Continuing our series about Geology and Medicine, this blog is all about the healing properties of Silver.

Silver has antimicrobial and antibacterial properties, and it has been used throughout the ages to cure infections and help heal wounds.

Now new medical studies have shown that it can kill a wide range of bacteria and viruses, including the very dangerous E.Coli and Staphylococcus.

The form of silver generally used as a medicine is colloidal silver, which is the suspension of microscopic particles of silver in liquid.

Before the advent of antibiotics, colloidal silver was used to treat infections, but after antibiotics came into vogue, silver went out of favour with conventional doctors except for a few uses - as a salve for burns and wounds, in nitrate eye solutions to prevent blindness in new born babies, and as an antibacterial coating in the lining of catheters.

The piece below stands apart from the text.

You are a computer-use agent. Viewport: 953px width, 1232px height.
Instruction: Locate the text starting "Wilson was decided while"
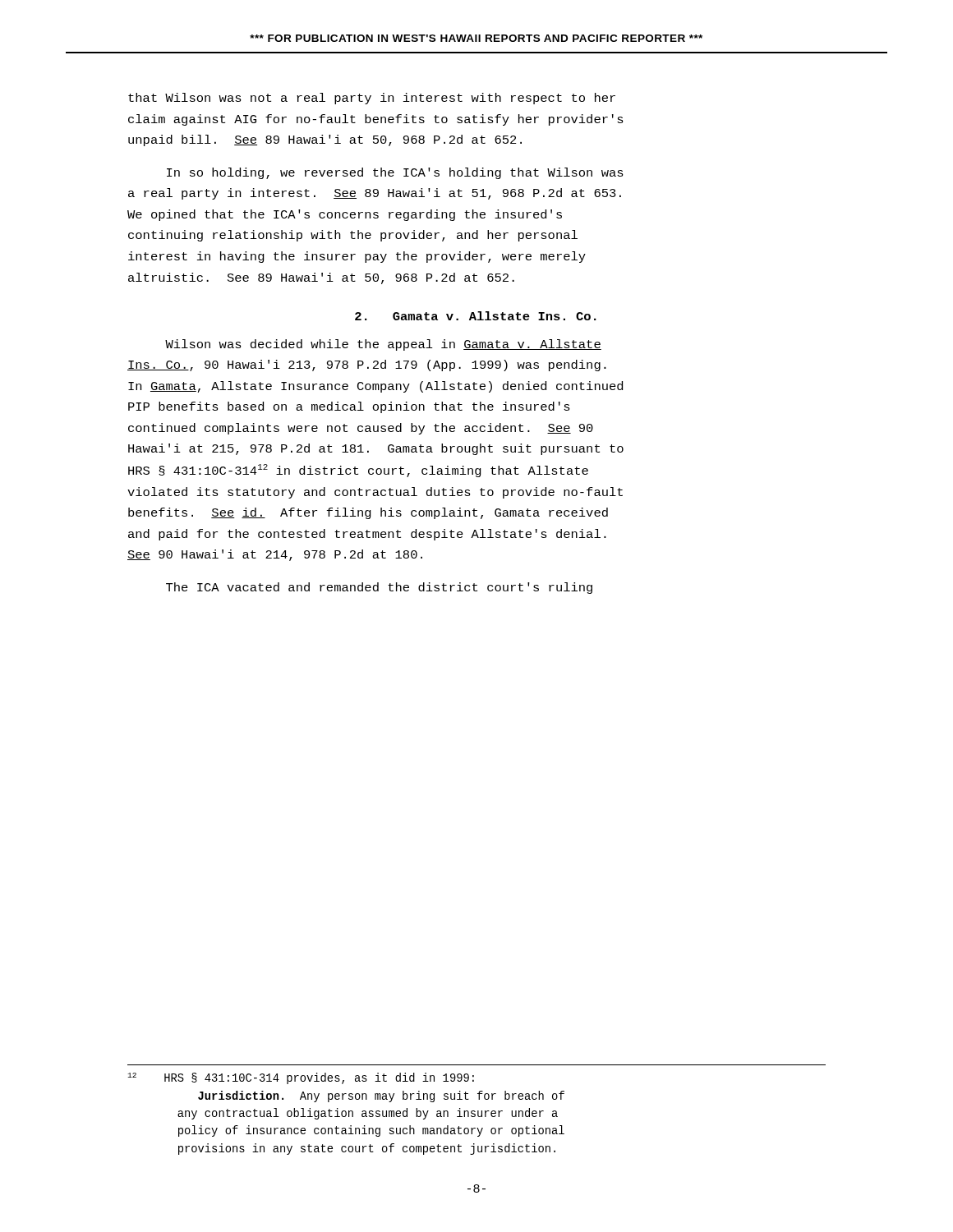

Now with various bacteria strains becoming increasingly resistant to the effects of antibiotics, the rest of the medical community is once again becoming interested in colloidal silver. Silver attacks microbes in several different ways at once so it is more difficult for these microbes to develop protective mechanisms.

In a Taiwanese study published in the journal Colloids and Surfaces B: bio - interfaces, colloidal silver was found to kill the potentially deadly superbug methicillin-resistant staphylococcus aureus (MRSA) and Pseudomonas aeruginosa on surfaces such as door knobs and light switches where these bugs are known to colonize and spread between people.

Colloidal silver's effectiveness against a range of viruses, including hepatitis C, herpes and HIV has also been shown in both laboratory tests and in people.